Тут разговор наш был прерван входом некоего Бомбакка,
гамбургского уроженца, который бежал от долгов из Англии, где жил прежде, и
поселился здесь. Этот господин устроил себе в Петербурге известное положение:
он занял место по военному ведомству, довольно видное; жил на большую ногу, и
так как был большой любитель игры, женщин и лакомого стола, то при настоящем
случае я и подумал, что в его особе как раз подоспевает готовое знакомство для
оригинальных странствователей, кошелек которых находится в карманах их друзей.
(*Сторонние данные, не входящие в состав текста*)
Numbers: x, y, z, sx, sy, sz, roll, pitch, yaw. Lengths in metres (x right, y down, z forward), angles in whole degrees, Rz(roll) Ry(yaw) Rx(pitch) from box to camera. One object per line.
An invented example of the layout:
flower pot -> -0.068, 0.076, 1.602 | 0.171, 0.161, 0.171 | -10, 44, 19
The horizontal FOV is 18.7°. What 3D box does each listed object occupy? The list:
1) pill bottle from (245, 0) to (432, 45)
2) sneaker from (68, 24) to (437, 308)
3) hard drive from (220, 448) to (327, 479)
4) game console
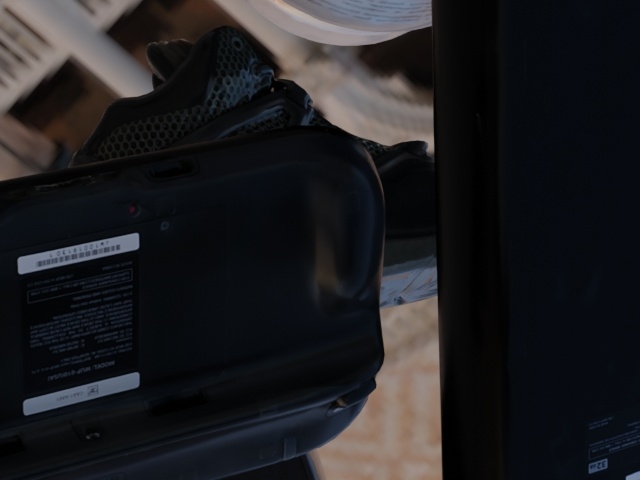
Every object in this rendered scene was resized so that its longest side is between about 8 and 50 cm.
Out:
pill bottle -> 0.037, -0.177, 0.798 | 0.160, 0.160, 0.283 | -55, -176, -13
sneaker -> 0.001, -0.033, 0.822 | 0.087, 0.228, 0.130 | 130, -49, -69
hard drive -> -0.057, 0.186, 0.718 | 0.054, 0.172, 0.254 | 106, -23, -61
game console -> 0.000, 0.000, 0.562 | 0.361, 0.213, 0.044 | -13, -157, -27
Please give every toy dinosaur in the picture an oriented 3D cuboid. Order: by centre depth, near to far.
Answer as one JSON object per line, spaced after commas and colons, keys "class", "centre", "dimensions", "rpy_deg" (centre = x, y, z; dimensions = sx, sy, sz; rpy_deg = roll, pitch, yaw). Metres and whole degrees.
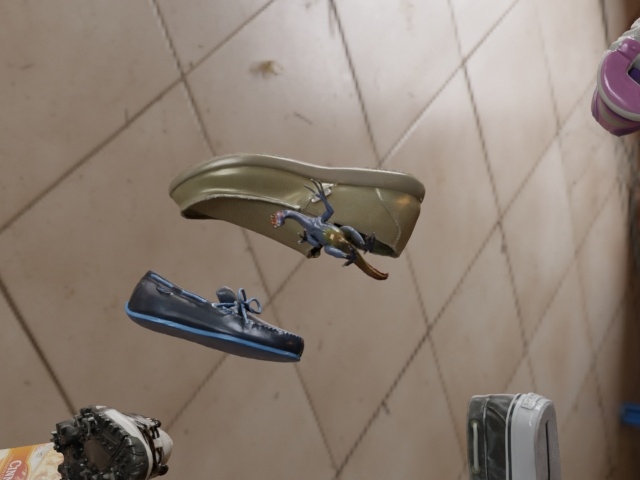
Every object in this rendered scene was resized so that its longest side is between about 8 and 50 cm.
{"class": "toy dinosaur", "centre": [0.000, 0.000, 0.792], "dimensions": [0.047, 0.082, 0.090], "rpy_deg": [-45, 131, -25]}

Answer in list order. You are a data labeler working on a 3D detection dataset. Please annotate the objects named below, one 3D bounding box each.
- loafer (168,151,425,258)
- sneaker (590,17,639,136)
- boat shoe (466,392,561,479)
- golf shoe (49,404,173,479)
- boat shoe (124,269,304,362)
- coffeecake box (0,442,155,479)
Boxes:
{"class": "loafer", "centre": [-0.024, -0.030, 1.030], "dimensions": [0.102, 0.268, 0.092], "rpy_deg": [101, -9, -74]}
{"class": "sneaker", "centre": [0.337, -0.187, 0.964], "dimensions": [0.236, 0.095, 0.104], "rpy_deg": [-46, 166, -17]}
{"class": "boat shoe", "centre": [0.247, 0.353, 1.304], "dimensions": [0.121, 0.119, 0.335], "rpy_deg": [-12, 104, -53]}
{"class": "golf shoe", "centre": [-0.162, 0.171, 0.838], "dimensions": [0.093, 0.198, 0.077], "rpy_deg": [-5, 86, -27]}
{"class": "boat shoe", "centre": [-0.142, 0.100, 1.389], "dimensions": [0.109, 0.258, 0.089], "rpy_deg": [104, 3, -70]}
{"class": "coffeecake box", "centre": [-0.281, 0.279, 1.055], "dimensions": [0.142, 0.185, 0.068], "rpy_deg": [-89, 170, -66]}
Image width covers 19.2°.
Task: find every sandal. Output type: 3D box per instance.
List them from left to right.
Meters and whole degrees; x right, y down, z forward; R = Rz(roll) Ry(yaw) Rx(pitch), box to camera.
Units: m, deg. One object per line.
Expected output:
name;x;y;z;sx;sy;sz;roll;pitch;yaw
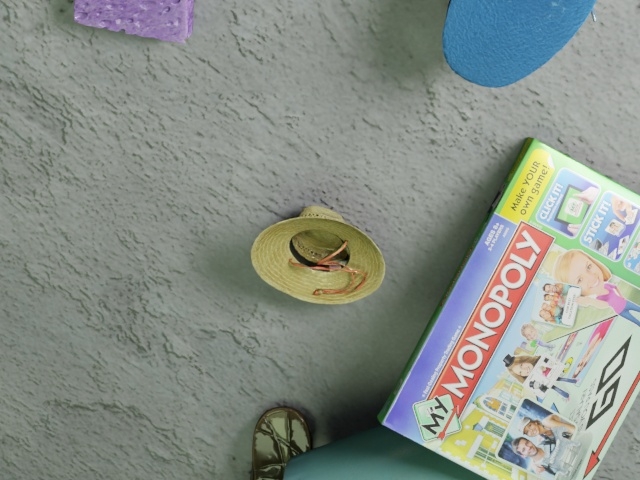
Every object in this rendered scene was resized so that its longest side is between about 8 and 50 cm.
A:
sandal;-0.052;0.282;2.172;0.090;0.060;0.219;7;111;3

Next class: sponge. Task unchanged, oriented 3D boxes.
sponge;-0.178;-0.295;1.818;0.117;0.031;0.210;11;126;8

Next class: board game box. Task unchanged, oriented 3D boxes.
board game box;0.224;0.087;1.866;0.213;0.046;0.317;27;93;-6

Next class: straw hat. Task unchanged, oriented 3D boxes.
straw hat;0.000;0.000;1.957;0.144;0.061;0.144;4;141;3

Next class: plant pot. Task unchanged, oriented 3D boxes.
plant pot;0.133;0.312;2.013;0.235;0.293;0.293;-27;114;12

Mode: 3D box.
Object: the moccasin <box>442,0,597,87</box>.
moccasin;0.219;-0.287;1.670;0.138;0.117;0.342;28;123;-6
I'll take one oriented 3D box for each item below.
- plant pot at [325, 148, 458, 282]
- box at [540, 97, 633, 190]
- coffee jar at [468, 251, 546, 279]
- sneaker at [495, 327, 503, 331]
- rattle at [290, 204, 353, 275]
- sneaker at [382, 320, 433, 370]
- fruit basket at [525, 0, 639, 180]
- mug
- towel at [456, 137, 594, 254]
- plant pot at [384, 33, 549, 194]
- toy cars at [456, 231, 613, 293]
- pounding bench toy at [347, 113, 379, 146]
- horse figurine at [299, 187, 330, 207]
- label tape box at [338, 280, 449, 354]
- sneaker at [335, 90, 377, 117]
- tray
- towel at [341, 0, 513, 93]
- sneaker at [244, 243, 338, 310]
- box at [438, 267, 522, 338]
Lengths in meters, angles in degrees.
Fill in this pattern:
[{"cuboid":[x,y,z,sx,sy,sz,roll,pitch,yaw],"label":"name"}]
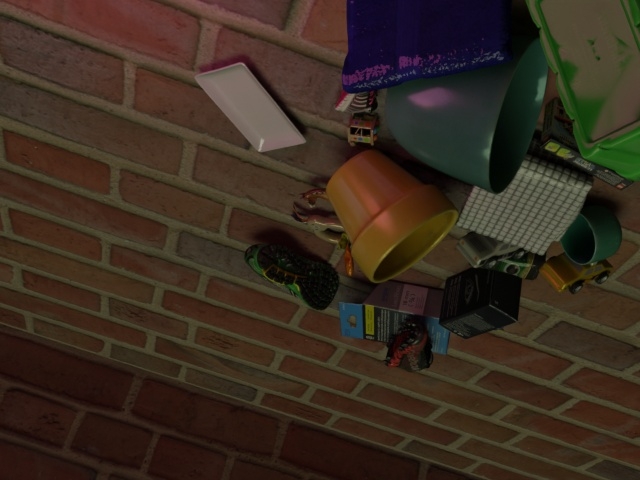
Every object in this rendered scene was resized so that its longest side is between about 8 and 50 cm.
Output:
[{"cuboid":[0.145,-0.070,1.852,0.239,0.254,0.254,51,155,20],"label":"plant pot"},{"cuboid":[0.543,-0.194,1.628,0.207,0.114,0.036,24,148,-15],"label":"box"},{"cuboid":[0.479,0.040,2.063,0.185,0.079,0.096,15,146,3],"label":"coffee jar"},{"cuboid":[0.482,0.222,2.386,0.144,0.059,0.053,19,-176,24],"label":"sneaker"},{"cuboid":[0.000,0.000,2.165,0.200,0.142,0.130,19,172,-20],"label":"rattle"},{"cuboid":[0.281,0.314,2.368,0.135,0.097,0.276,18,152,-3],"label":"sneaker"},{"cuboid":[0.535,-0.295,1.318,0.392,0.392,0.283,31,146,-23],"label":"fruit basket"},{"cuboid":[0.623,-0.027,1.863,0.097,0.157,0.129,-13,144,-19],"label":"mug"},{"cuboid":[0.454,-0.108,1.784,0.235,0.121,0.283,19,148,5],"label":"towel"},{"cuboid":[0.262,-0.259,1.505,0.235,0.293,0.293,20,152,24],"label":"plant pot"},{"cuboid":[0.528,0.024,1.941,0.394,0.176,0.087,16,132,-1],"label":"toy cars"},{"cuboid":[0.099,-0.242,1.811,0.065,0.052,0.083,9,148,10],"label":"pounding bench toy"},{"cuboid":[0.101,-0.097,2.031,0.263,0.066,0.174,-2,151,31],"label":"horse figurine"},{"cuboid":[0.232,0.226,2.445,0.334,0.105,0.240,10,149,10],"label":"label tape box"},{"cuboid":[0.097,-0.310,1.696,0.075,0.063,0.170,25,153,-15],"label":"sneaker"},{"cuboid":[-0.154,-0.307,1.844,0.145,0.030,0.270,-6,143,33],"label":"tray"},{"cuboid":[0.186,-0.377,1.404,0.308,0.227,0.076,-6,161,31],"label":"towel"},{"cuboid":[-0.079,0.094,2.387,0.343,0.134,0.146,37,168,-37],"label":"sneaker"},{"cuboid":[0.438,0.163,2.206,0.108,0.153,0.207,30,147,-23],"label":"box"}]
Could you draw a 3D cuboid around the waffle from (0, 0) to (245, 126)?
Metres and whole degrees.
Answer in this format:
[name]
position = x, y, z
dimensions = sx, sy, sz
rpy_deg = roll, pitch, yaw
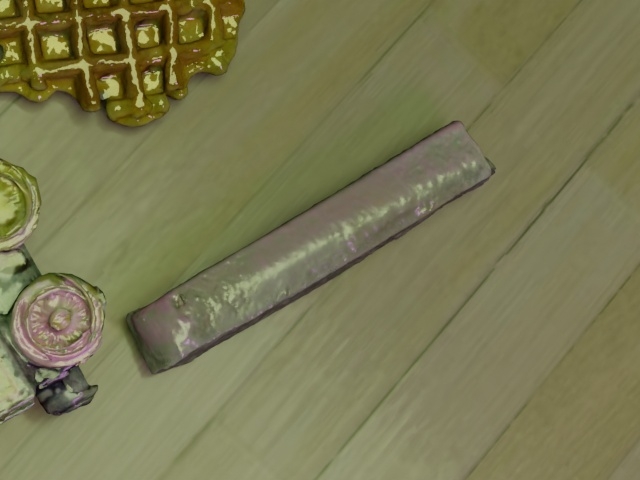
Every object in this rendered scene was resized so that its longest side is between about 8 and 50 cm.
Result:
[waffle]
position = -0.198, -0.260, 1.682
dimensions = 0.281, 0.058, 0.301
rpy_deg = 17, 77, -13

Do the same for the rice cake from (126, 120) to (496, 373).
[rice cake]
position = 0.000, 0.001, 1.694
dimensions = 0.399, 0.064, 0.070
rpy_deg = -31, 85, -19

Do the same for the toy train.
[toy train]
position = -0.297, 0.047, 1.560
dimensions = 0.177, 0.134, 0.261
rpy_deg = -30, 90, -19
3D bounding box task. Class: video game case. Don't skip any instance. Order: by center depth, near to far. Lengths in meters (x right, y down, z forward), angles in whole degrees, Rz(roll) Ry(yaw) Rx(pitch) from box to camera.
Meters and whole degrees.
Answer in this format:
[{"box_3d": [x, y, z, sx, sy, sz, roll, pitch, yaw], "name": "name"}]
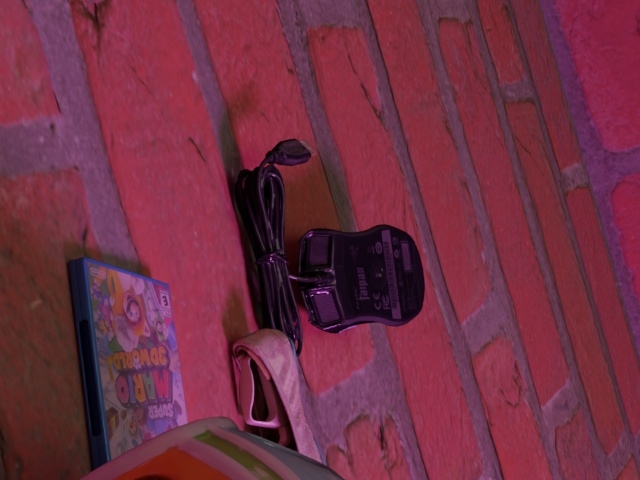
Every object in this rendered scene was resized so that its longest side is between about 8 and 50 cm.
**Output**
[{"box_3d": [-0.128, 0.101, 1.159, 0.119, 0.015, 0.166, 25, 53, -63], "name": "video game case"}]

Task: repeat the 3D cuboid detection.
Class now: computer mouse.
[{"box_3d": [0.000, 0.000, 1.495, 0.262, 0.060, 0.184, -11, 90, -57], "name": "computer mouse"}]

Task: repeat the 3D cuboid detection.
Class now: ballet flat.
[{"box_3d": [-0.036, 0.153, 1.323, 0.052, 0.057, 0.168, -6, 76, -41], "name": "ballet flat"}]

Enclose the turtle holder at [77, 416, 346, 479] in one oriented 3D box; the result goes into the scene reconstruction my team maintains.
[{"box_3d": [-0.037, 0.226, 0.999, 0.320, 0.243, 0.227, -8, 66, -60], "name": "turtle holder"}]
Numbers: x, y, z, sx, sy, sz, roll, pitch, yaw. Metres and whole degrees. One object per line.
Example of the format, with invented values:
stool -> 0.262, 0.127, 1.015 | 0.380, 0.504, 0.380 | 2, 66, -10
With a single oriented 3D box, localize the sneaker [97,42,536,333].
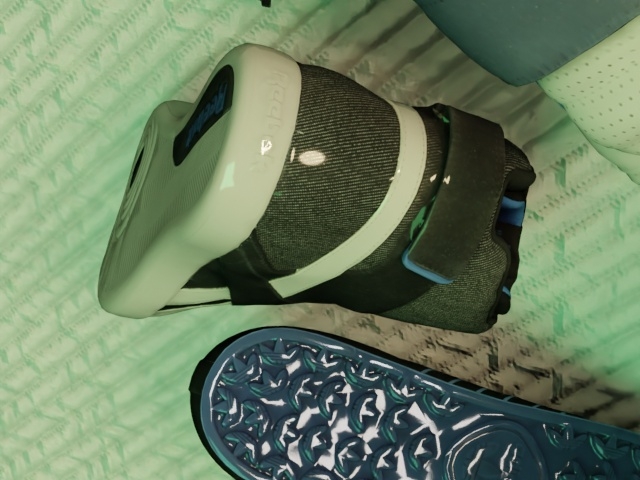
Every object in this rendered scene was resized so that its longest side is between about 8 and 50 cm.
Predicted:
sneaker -> 0.000, 0.000, 0.611 | 0.121, 0.079, 0.217 | 17, 171, -14

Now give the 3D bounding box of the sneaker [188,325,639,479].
sneaker -> 0.061, 0.092, 0.669 | 0.232, 0.081, 0.090 | 27, 175, -4

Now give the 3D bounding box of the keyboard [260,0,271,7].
keyboard -> -0.032, -0.156, 0.563 | 0.108, 0.023, 0.180 | 15, 132, 13

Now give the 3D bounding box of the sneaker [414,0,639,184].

Бомбакк тотчас же растаял от смазливой дамочки, что ею принято было весьма
благосклонно, и через четверть часа пригласил их на завтра к обеду, также как и
меня с Заирой.
Когда я к нему приехал, Кревкёр и мамзель Ларивьер были
уже за столом с двумя русскими офицерами, братьями Луниными (ныне
генерал-майорами, а тогда еще в самых первоначальных чинах). Младший из них,
белокурый, нежный и хорошенький, как барышня, слыл любимцем кабинет-секретаря
г. Теплова... Вечер закончился оргией.
...По возвращении моем из Москвы в Петербург первой для
меня новостью была весть о побеге Бомбакка и ареста его в Москве. Бедняка
засадили в тюрьму; дело его было важно как усложнившееся бегством. Однако ж
его не осудили на смерть и даже не лишили прежнего звания, но назначили на
постоянную службу в камчатском гарнизоне. Что касается Кревкёра и его подруги
Ларивьер, то они скрылись с кошельками друзей в своих карманах».